Fan Speed Measurement
Fan speed sensing provides an invaluable early warning signal of potential problems. Fans are a weak mechanical component in an otherwise highly reliable electronic system. While modern brushless fans are much more reliable than earlier brush types, they are still prone to mechanical wear and tear. Bearing wear and increased friction slow the fan's rotational speed, resulting in reduced air. If speed is continually monitored, the telltale signs that predict trouble can be picked up well before insufficient cooling causes serious problems.
Modern fans are available with tachometer outputs (usually two pulses per revolution), to facilitate speed monitoring. Rotational speed is ascertained by simply counting the number of pulses over a fixed period of time.
While this is the simplest possible scheme for speed monitoring, it is slow. For example, with a fan operating at less than 1000 RPM, several seconds would be needed to accumulate a reasonably large and accurate count.
The technique employed on the ADM9240 does not count the fan tacho output pulses directly. Instead it uses the tacho output as a gating signal for a high-frequency internal clock. By counting the number of gated pulses, the fan's period may be determined. The accumulated count is proportional to the fan's tacho period and inversely proportional to speed.

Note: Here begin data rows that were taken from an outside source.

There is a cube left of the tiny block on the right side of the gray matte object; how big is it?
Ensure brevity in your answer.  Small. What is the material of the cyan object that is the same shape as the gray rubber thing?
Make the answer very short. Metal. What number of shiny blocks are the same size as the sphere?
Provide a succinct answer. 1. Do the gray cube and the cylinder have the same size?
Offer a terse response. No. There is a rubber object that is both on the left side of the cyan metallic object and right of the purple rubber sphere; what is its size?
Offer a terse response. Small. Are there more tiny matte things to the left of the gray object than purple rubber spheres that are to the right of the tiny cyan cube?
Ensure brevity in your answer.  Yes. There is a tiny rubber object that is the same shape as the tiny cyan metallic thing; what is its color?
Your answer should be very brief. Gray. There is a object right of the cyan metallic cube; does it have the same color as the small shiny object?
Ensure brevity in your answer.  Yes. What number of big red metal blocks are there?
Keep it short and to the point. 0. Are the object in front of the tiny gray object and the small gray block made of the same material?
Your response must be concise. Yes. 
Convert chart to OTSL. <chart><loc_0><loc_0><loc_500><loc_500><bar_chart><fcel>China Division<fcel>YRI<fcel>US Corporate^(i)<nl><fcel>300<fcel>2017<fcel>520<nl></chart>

Specifically, an on-chip 22.5-kHz oscillator is gated into the input of an 8-bit counter for two periods of the fan tacho output, corresponding to the time for one revolution of the fan (Fig. 6).
To accommodate fans of different speed, a pre-scaler (divisor) may be added before the counter. Consider the following example using the ADM9240.

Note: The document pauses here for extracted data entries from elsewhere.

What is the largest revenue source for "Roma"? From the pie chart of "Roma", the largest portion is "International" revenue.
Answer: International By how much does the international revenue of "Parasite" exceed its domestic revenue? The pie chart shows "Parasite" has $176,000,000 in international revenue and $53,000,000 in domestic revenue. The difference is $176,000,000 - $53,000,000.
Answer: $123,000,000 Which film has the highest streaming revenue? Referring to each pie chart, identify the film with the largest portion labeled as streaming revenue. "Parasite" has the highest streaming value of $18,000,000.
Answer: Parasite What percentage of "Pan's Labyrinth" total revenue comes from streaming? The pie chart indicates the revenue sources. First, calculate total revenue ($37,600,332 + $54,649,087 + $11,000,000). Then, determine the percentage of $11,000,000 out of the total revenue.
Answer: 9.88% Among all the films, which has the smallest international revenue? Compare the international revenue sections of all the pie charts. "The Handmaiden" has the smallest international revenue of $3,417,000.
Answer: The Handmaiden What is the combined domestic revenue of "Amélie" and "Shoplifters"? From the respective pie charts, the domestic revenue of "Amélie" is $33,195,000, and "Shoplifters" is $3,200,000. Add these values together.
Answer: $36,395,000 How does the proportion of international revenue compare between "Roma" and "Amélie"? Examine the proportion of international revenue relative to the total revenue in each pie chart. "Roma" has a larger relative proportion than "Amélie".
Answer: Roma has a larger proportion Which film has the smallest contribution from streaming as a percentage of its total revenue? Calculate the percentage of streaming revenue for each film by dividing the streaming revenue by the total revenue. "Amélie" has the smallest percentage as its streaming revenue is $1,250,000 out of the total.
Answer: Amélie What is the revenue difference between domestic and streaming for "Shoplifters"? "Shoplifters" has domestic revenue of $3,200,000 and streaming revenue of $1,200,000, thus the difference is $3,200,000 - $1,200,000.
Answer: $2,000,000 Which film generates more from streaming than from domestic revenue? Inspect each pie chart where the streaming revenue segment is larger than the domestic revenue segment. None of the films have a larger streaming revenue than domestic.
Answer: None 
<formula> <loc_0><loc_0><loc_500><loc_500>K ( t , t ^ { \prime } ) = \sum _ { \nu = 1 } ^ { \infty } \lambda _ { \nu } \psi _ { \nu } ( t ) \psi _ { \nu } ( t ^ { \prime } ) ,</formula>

With a divisor of 2, a fan with two output pulses per revolution running at 4000 rpm, gives a count of 168. That is, at 4000 rpm, there are 8000 pulses per minute, 133.3 pulses per second; so the interval between pairs of pulses is 15 ms, giving a count of 0.015(22,500/2) = 168+.
As the fan slows down, the count increases to the counter's maximum count of 255, which occurs at 4000 (168.75/255) = 2647 rpm.

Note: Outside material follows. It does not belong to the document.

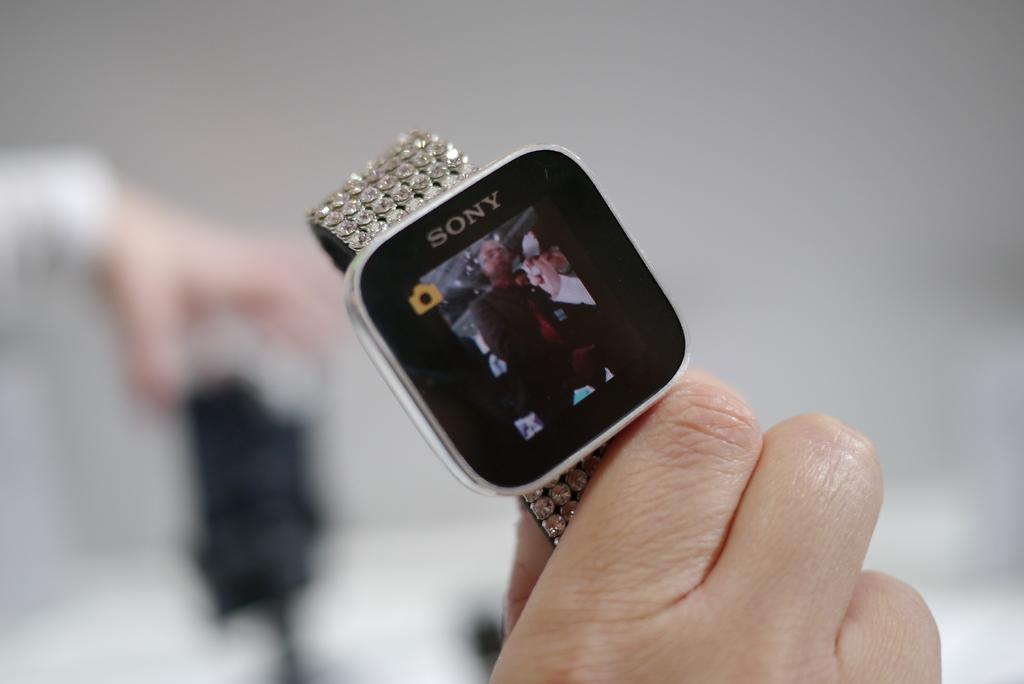<image>
Summarize the visual content of the image. A smart watch with a giant diamond band by Sony. 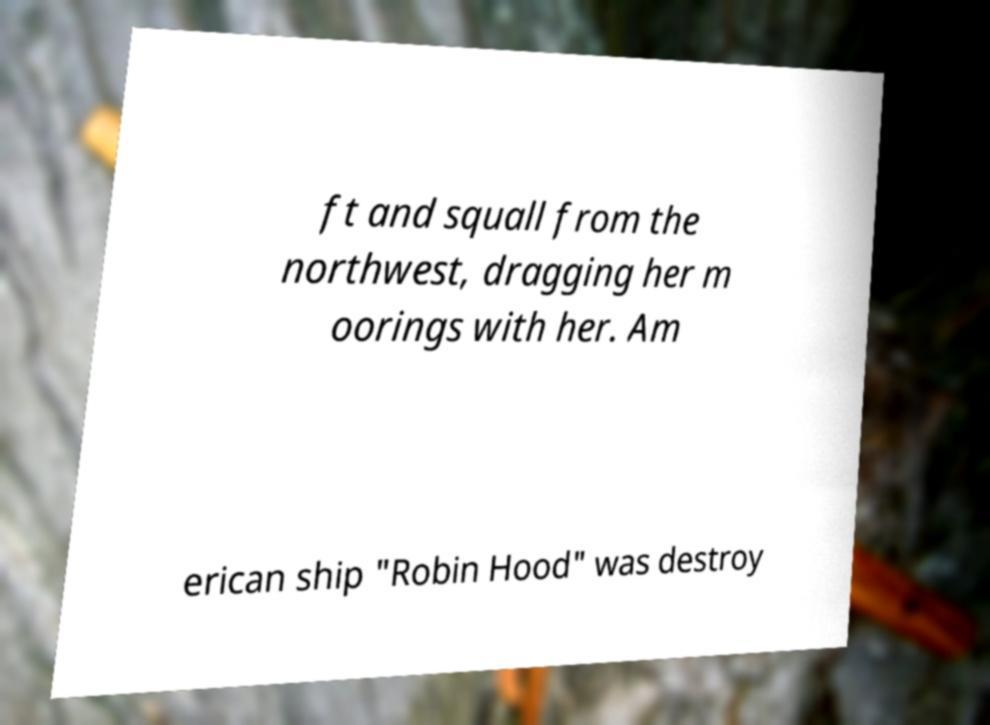I need the written content from this picture converted into text. Can you do that? ft and squall from the northwest, dragging her m oorings with her. Am erican ship "Robin Hood" was destroy

Interfacing Fan Tachometer Outputs to 5V/3V Logic
Because fans are generally powered from voltages higher than the logic/monitoring circuitry it is necessary to provide an interface that does not overstress the logic or forward bias some internal junctions . Voltage clamping using a resistor/Zener diode network provides a good solution (Figure 7). The Zener breakdown voltage should be chosen so that it is lower than the power supply voltage to the logic. With 5-V logic, a 4.0-V Zener is suitable.
Controlling the Fan Speed
If the fan moves more air at rated voltage and ambient temperature than is needed for adequate cooling, its speed may be controlled to reduce acoustic fan noise and power consumption while maintaining the temperature at a safe level.
The simplest form of control is linear adjustment of the supply voltage to the fan. For example the speed of a 12-V fan may be limited by adjusting the supply to voltages less than 12 V.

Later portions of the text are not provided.